JABARONLINE.COM Mandat Undang-Undang Nomor 5 Tahun 2017 tentang Pemajuan Kebudayaan menegaskan bahwa setiap daerah harus memiliki arah, strategi, dan langkah konkret dalam memajukan kebudayaan. Kabupaten Bogor sejatinya sudah melangkah lebih maju dengan menetapkan Perda Pemajuan Kebudayaan pada akhir 2023. Namun hingga April 2026, implementasi kebijakan tersebut masih tersendat.
Masalah klasik muncul: Peraturan Bupati (Perbup) sebagai turunan teknis belum juga diterbitkan.
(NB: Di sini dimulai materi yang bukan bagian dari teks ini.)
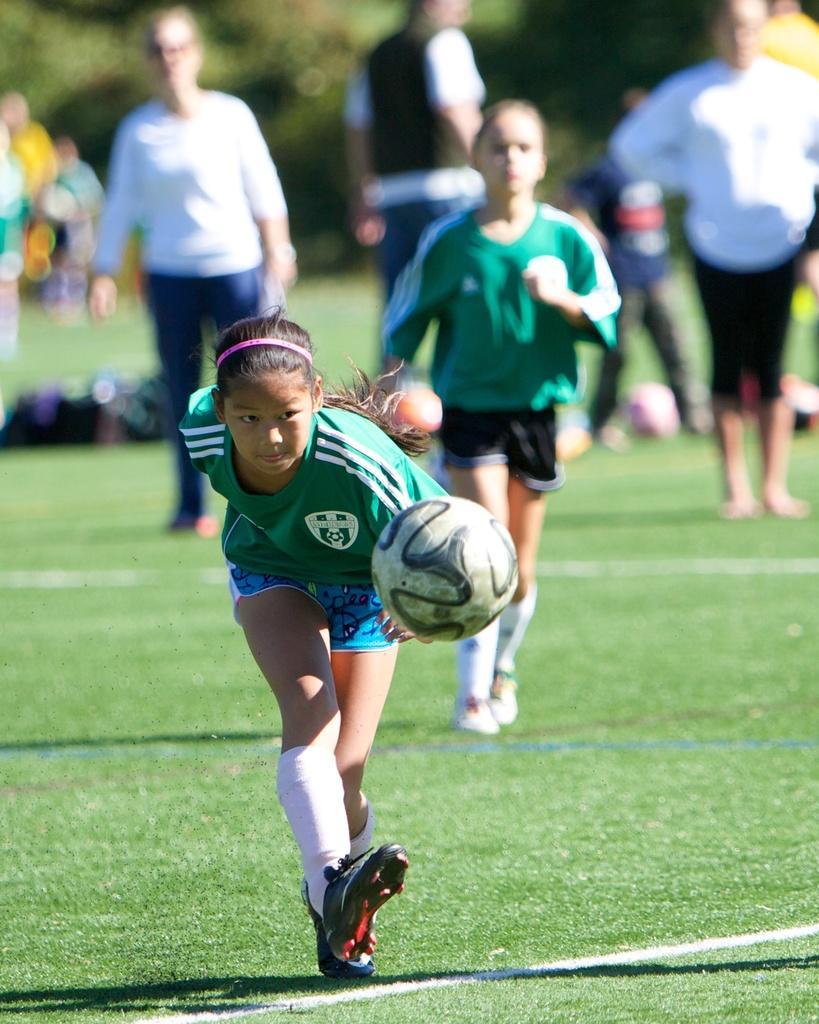Please provide a concise description of this image. In this image we can see two girls who are playing a football. In the background we can see a few persons who are standing. 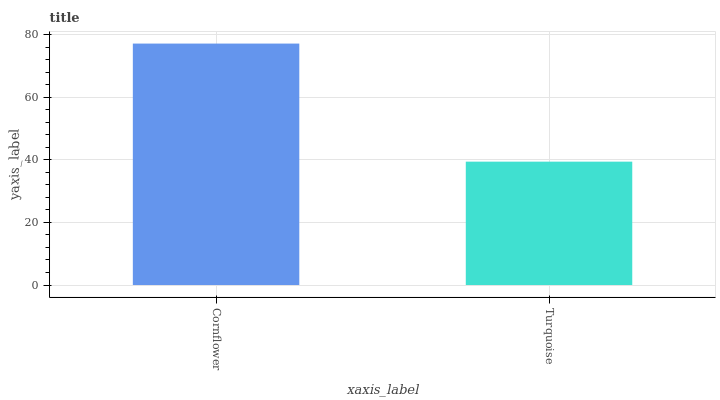Is Turquoise the minimum?
Answer yes or no. Yes. Is Cornflower the maximum?
Answer yes or no. Yes. Is Turquoise the maximum?
Answer yes or no. No. Is Cornflower greater than Turquoise?
Answer yes or no. Yes. Is Turquoise less than Cornflower?
Answer yes or no. Yes. Is Turquoise greater than Cornflower?
Answer yes or no. No. Is Cornflower less than Turquoise?
Answer yes or no. No. Is Cornflower the high median?
Answer yes or no. Yes. Is Turquoise the low median?
Answer yes or no. Yes. Is Turquoise the high median?
Answer yes or no. No. Is Cornflower the low median?
Answer yes or no. No. 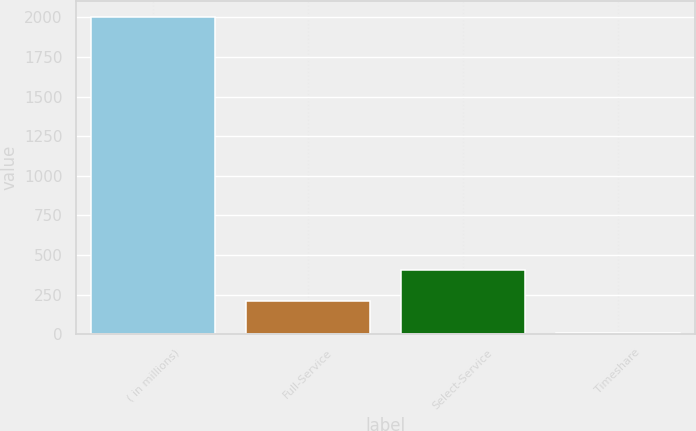<chart> <loc_0><loc_0><loc_500><loc_500><bar_chart><fcel>( in millions)<fcel>Full-Service<fcel>Select-Service<fcel>Timeshare<nl><fcel>2004<fcel>206.7<fcel>406.4<fcel>7<nl></chart> 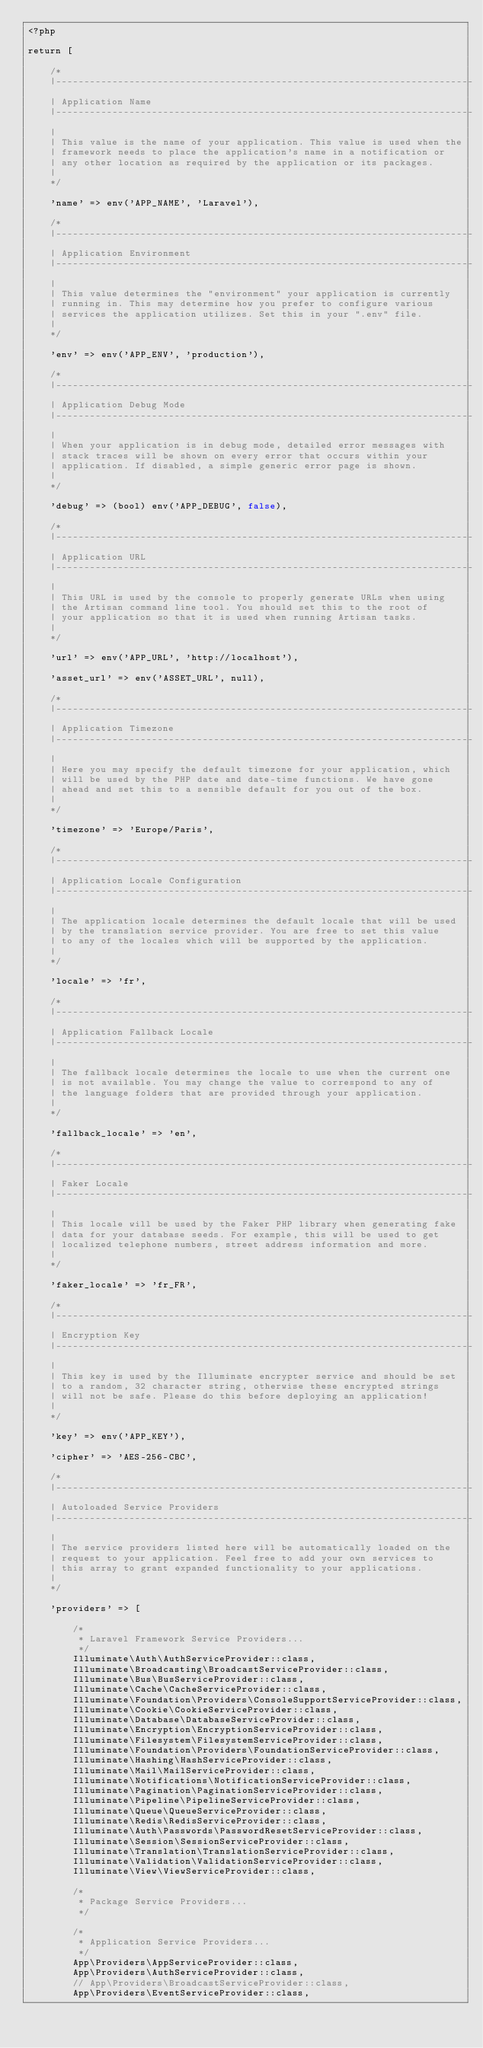Convert code to text. <code><loc_0><loc_0><loc_500><loc_500><_PHP_><?php

return [

    /*
    |--------------------------------------------------------------------------
    | Application Name
    |--------------------------------------------------------------------------
    |
    | This value is the name of your application. This value is used when the
    | framework needs to place the application's name in a notification or
    | any other location as required by the application or its packages.
    |
    */

    'name' => env('APP_NAME', 'Laravel'),

    /*
    |--------------------------------------------------------------------------
    | Application Environment
    |--------------------------------------------------------------------------
    |
    | This value determines the "environment" your application is currently
    | running in. This may determine how you prefer to configure various
    | services the application utilizes. Set this in your ".env" file.
    |
    */

    'env' => env('APP_ENV', 'production'),

    /*
    |--------------------------------------------------------------------------
    | Application Debug Mode
    |--------------------------------------------------------------------------
    |
    | When your application is in debug mode, detailed error messages with
    | stack traces will be shown on every error that occurs within your
    | application. If disabled, a simple generic error page is shown.
    |
    */

    'debug' => (bool) env('APP_DEBUG', false),

    /*
    |--------------------------------------------------------------------------
    | Application URL
    |--------------------------------------------------------------------------
    |
    | This URL is used by the console to properly generate URLs when using
    | the Artisan command line tool. You should set this to the root of
    | your application so that it is used when running Artisan tasks.
    |
    */

    'url' => env('APP_URL', 'http://localhost'),

    'asset_url' => env('ASSET_URL', null),

    /*
    |--------------------------------------------------------------------------
    | Application Timezone
    |--------------------------------------------------------------------------
    |
    | Here you may specify the default timezone for your application, which
    | will be used by the PHP date and date-time functions. We have gone
    | ahead and set this to a sensible default for you out of the box.
    |
    */

    'timezone' => 'Europe/Paris',

    /*
    |--------------------------------------------------------------------------
    | Application Locale Configuration
    |--------------------------------------------------------------------------
    |
    | The application locale determines the default locale that will be used
    | by the translation service provider. You are free to set this value
    | to any of the locales which will be supported by the application.
    |
    */

    'locale' => 'fr',

    /*
    |--------------------------------------------------------------------------
    | Application Fallback Locale
    |--------------------------------------------------------------------------
    |
    | The fallback locale determines the locale to use when the current one
    | is not available. You may change the value to correspond to any of
    | the language folders that are provided through your application.
    |
    */

    'fallback_locale' => 'en',

    /*
    |--------------------------------------------------------------------------
    | Faker Locale
    |--------------------------------------------------------------------------
    |
    | This locale will be used by the Faker PHP library when generating fake
    | data for your database seeds. For example, this will be used to get
    | localized telephone numbers, street address information and more.
    |
    */

    'faker_locale' => 'fr_FR',

    /*
    |--------------------------------------------------------------------------
    | Encryption Key
    |--------------------------------------------------------------------------
    |
    | This key is used by the Illuminate encrypter service and should be set
    | to a random, 32 character string, otherwise these encrypted strings
    | will not be safe. Please do this before deploying an application!
    |
    */

    'key' => env('APP_KEY'),

    'cipher' => 'AES-256-CBC',

    /*
    |--------------------------------------------------------------------------
    | Autoloaded Service Providers
    |--------------------------------------------------------------------------
    |
    | The service providers listed here will be automatically loaded on the
    | request to your application. Feel free to add your own services to
    | this array to grant expanded functionality to your applications.
    |
    */

    'providers' => [

        /*
         * Laravel Framework Service Providers...
         */
        Illuminate\Auth\AuthServiceProvider::class,
        Illuminate\Broadcasting\BroadcastServiceProvider::class,
        Illuminate\Bus\BusServiceProvider::class,
        Illuminate\Cache\CacheServiceProvider::class,
        Illuminate\Foundation\Providers\ConsoleSupportServiceProvider::class,
        Illuminate\Cookie\CookieServiceProvider::class,
        Illuminate\Database\DatabaseServiceProvider::class,
        Illuminate\Encryption\EncryptionServiceProvider::class,
        Illuminate\Filesystem\FilesystemServiceProvider::class,
        Illuminate\Foundation\Providers\FoundationServiceProvider::class,
        Illuminate\Hashing\HashServiceProvider::class,
        Illuminate\Mail\MailServiceProvider::class,
        Illuminate\Notifications\NotificationServiceProvider::class,
        Illuminate\Pagination\PaginationServiceProvider::class,
        Illuminate\Pipeline\PipelineServiceProvider::class,
        Illuminate\Queue\QueueServiceProvider::class,
        Illuminate\Redis\RedisServiceProvider::class,
        Illuminate\Auth\Passwords\PasswordResetServiceProvider::class,
        Illuminate\Session\SessionServiceProvider::class,
        Illuminate\Translation\TranslationServiceProvider::class,
        Illuminate\Validation\ValidationServiceProvider::class,
        Illuminate\View\ViewServiceProvider::class,

        /*
         * Package Service Providers...
         */

        /*
         * Application Service Providers...
         */
        App\Providers\AppServiceProvider::class,
        App\Providers\AuthServiceProvider::class,
        // App\Providers\BroadcastServiceProvider::class,
        App\Providers\EventServiceProvider::class,</code>

Tanpa Perbup, Perda ibarat peta tanpa kompas memberi arah umum, tetapi tidak menyediakan cara berjalan. Akibatnya, kebijakan di lapangan berpotensi melahirkan kebingungan dan stagnasi.
Jaringan Kebudayaan Rakyat Kabupaten Bogor (Jaker Bogor) menyoroti mandeknya implementasi ini. Ra Dien, salah satu perwakilan, menegaskan bahwa Perbup adalah kunci operasional.
“Perda itu norma umum. Perbup yang menerjemahkan jadi langkah teknis dan prosedur, mekanisme, sampai pelaksanaan di lapangan,” ujarnya, Rabu (01/04/2026).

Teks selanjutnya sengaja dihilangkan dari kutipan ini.